Is it reasonable that the exemption should apply? I don’t think anyone would question that it would be reasonable to stop and park where this car was parked if the officer was attending to a police matter eg a report of shoplifting or failure to pay in the coffee shop. Equally no-one would question an ambulance officer’s decision to stop there to attend to a call to a medical emergency in the shops or a fire crew stopping to investigate a report of fire. But this officer stopped for lunch.
A police officer may argue that it is reasonable that the ‘no-stopping’ rule does not apply to him as he may be called off lunch and have to respond as a matter of urgency, and that response would be delayed if he had to make his way to where the car was parked. Parking a police car to allow an urgent response would not, in my view, be ‘reasonable’. It is reasonable that the rules do not apply to facilitate the actual response to an actual emergency or policing task, but not a potential response to a potential event. If that was what was intended rule 307 would simply say that the parking rules do not apply to a police or emergency vehicle, but it does not.

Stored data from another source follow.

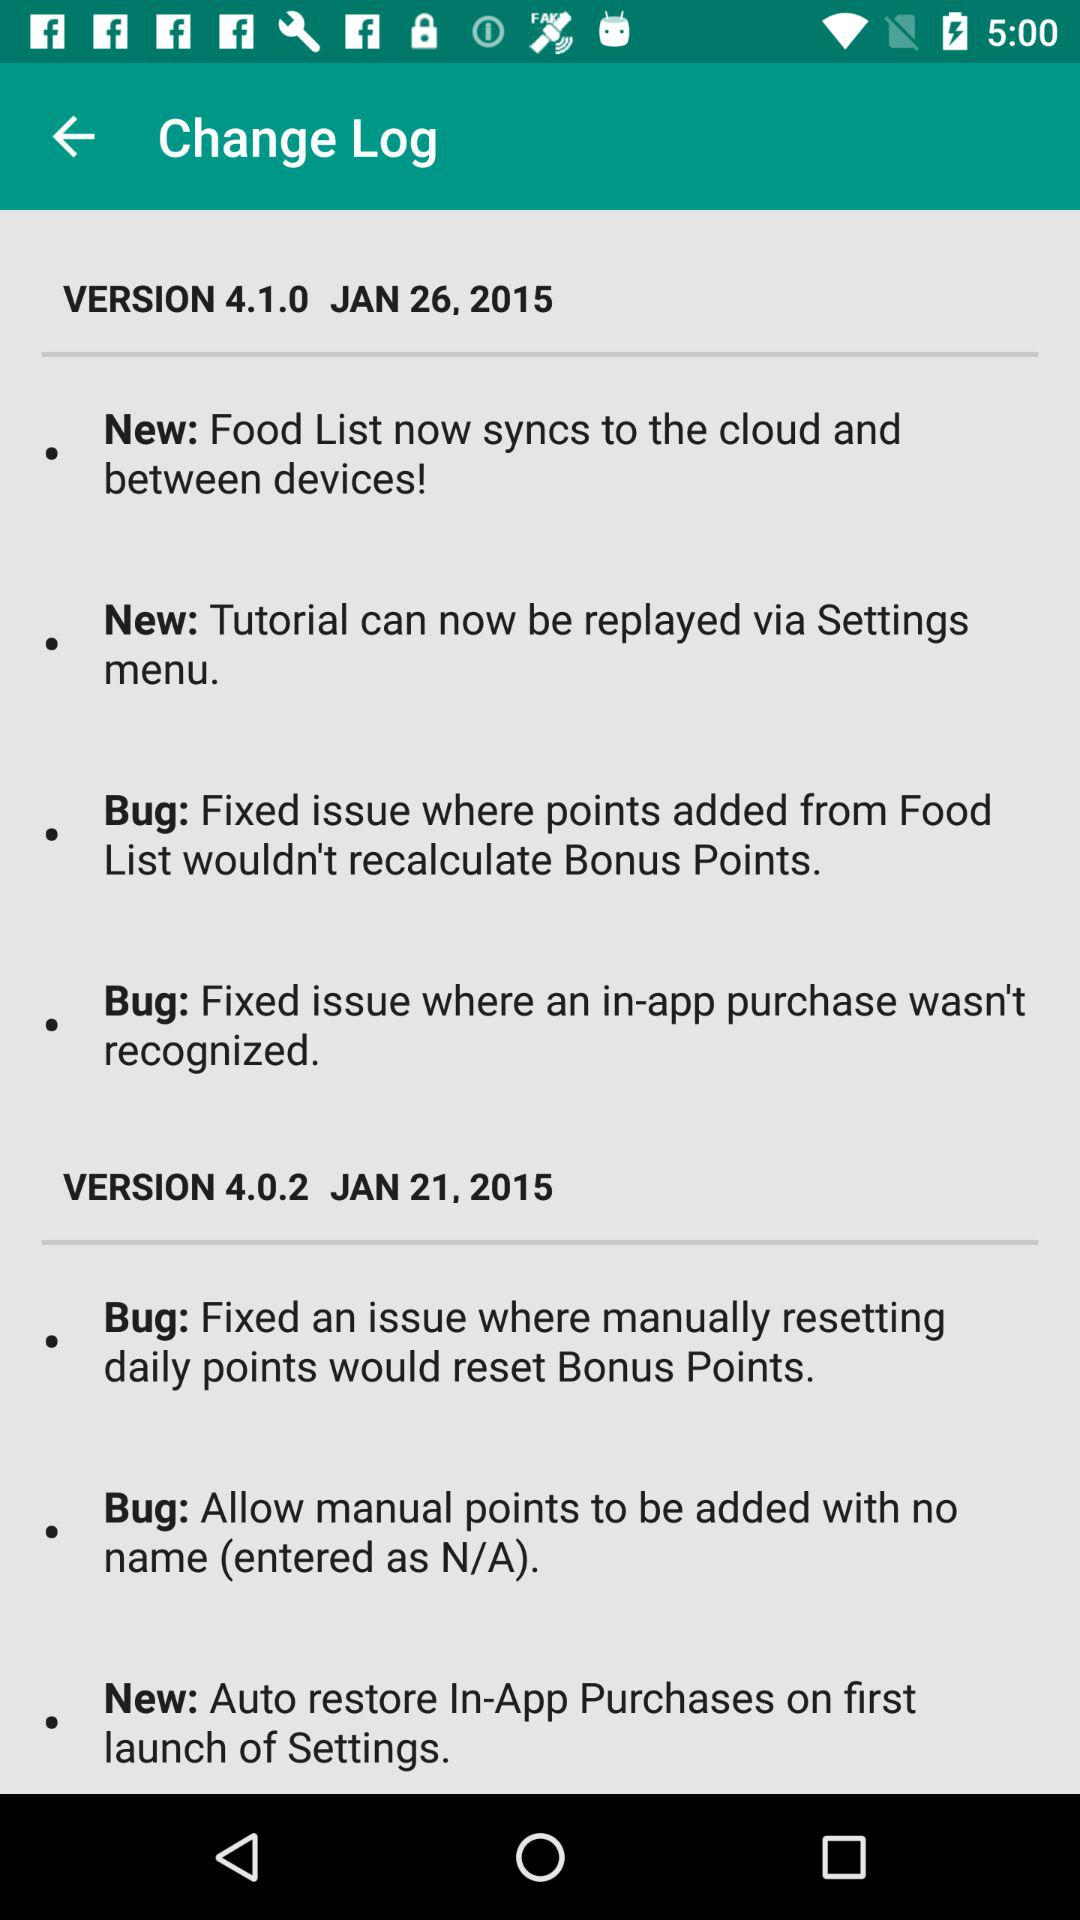Which version of application is used?
When the provided information is insufficient, respond with <no answer>. <no answer> 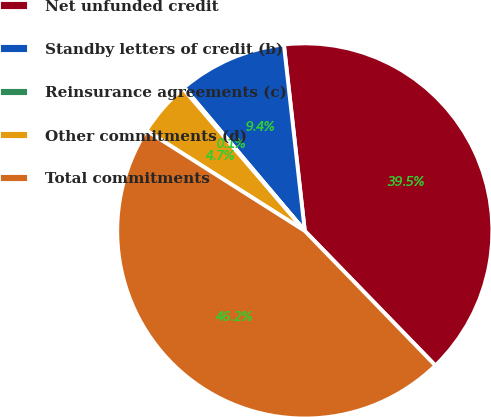Convert chart. <chart><loc_0><loc_0><loc_500><loc_500><pie_chart><fcel>Net unfunded credit<fcel>Standby letters of credit (b)<fcel>Reinsurance agreements (c)<fcel>Other commitments (d)<fcel>Total commitments<nl><fcel>39.52%<fcel>9.36%<fcel>0.13%<fcel>4.74%<fcel>46.25%<nl></chart> 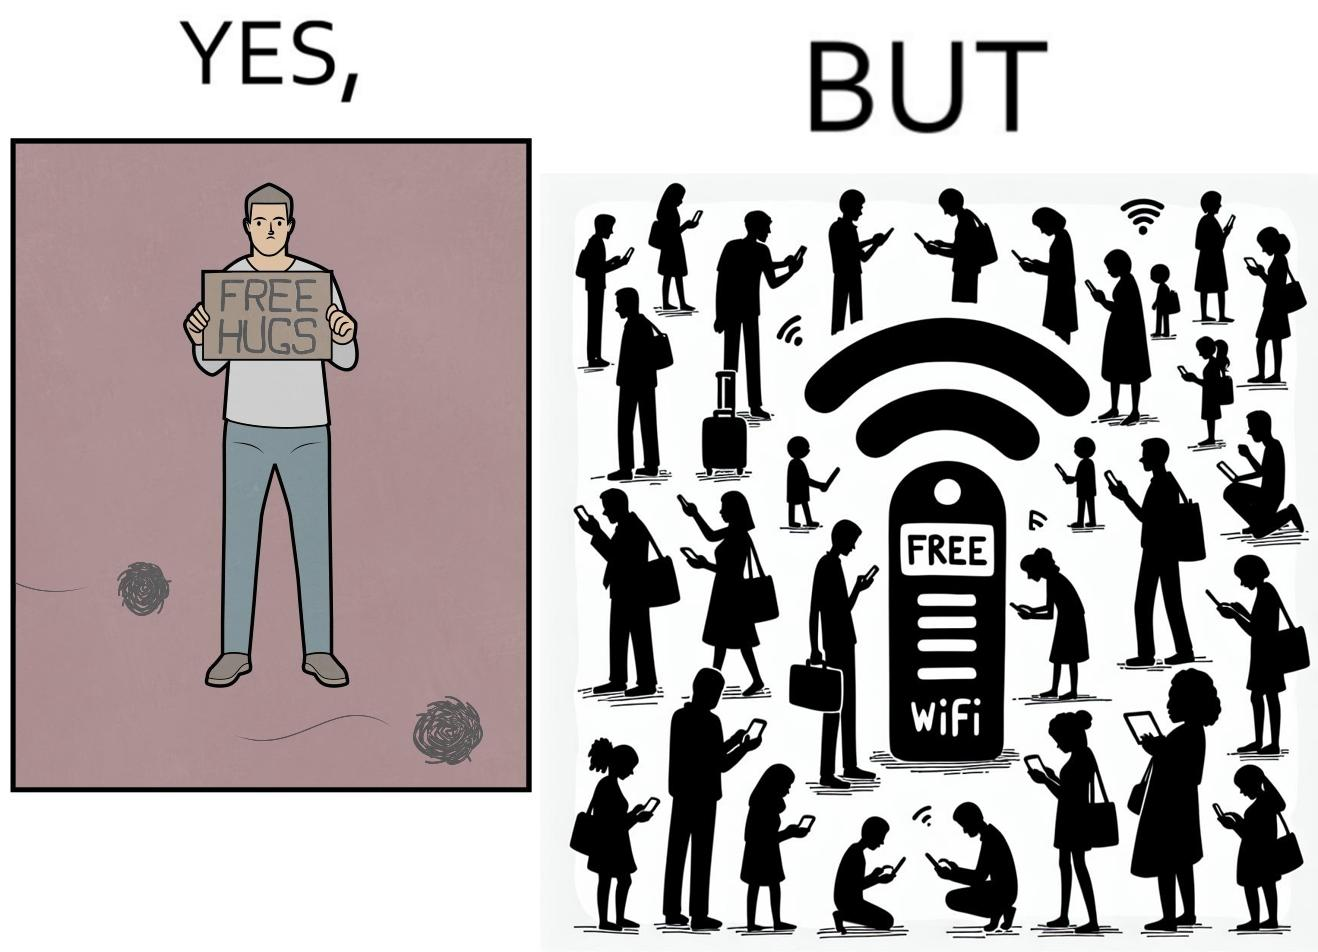Describe the satirical element in this image. This image is ironical, as a person holding up a "Free Hugs" sign is standing alone, while an inanimate Wi-fi Router giving "Free Wifi" is surrounded people trying to connect to it. This shows a growing lack of empathy in our society, while showing our increasing dependence on the digital devices in a virtual world. 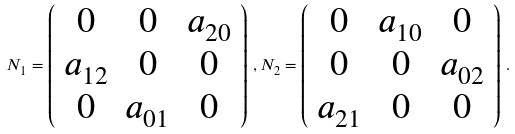Convert formula to latex. <formula><loc_0><loc_0><loc_500><loc_500>N _ { 1 } = \left ( \begin{array} { c c c } 0 & 0 & a _ { 2 0 } \\ a _ { 1 2 } & 0 & 0 \\ 0 & a _ { 0 1 } & 0 \end{array} \right ) \, , N _ { 2 } = \left ( \begin{array} { c c c } 0 & a _ { 1 0 } & 0 \\ 0 & 0 & a _ { 0 2 } \\ a _ { 2 1 } & 0 & 0 \end{array} \right ) \, .</formula>

My view is that it is reasonable for the no-stopping rule to apply; or to put that another way, it is not reasonable for the exemption to apply in order to allow a police officer to park in a ‘no-stopping’ area to eat lunch; but it’s not my view that counts and of course I don’t know why he was in that area or what he was required to do. So the first person who would need to consider whether or not rule 307 should apply is another police officer, presumably one from the Police Conduct Unit. If they are not satisfied that the decision to stop was reasonable and/or that reasonable care was not taken, one would expect them to issue a traffic infringement notice. If the officer disagreed with that assessment he could elect to have the matter dealt with in the Magistrate’s court and it would be up to the Magistrate to determine whether or not the officer took reasonable care and whether or not it is reasonable that rule 307 should apply in those circumstances.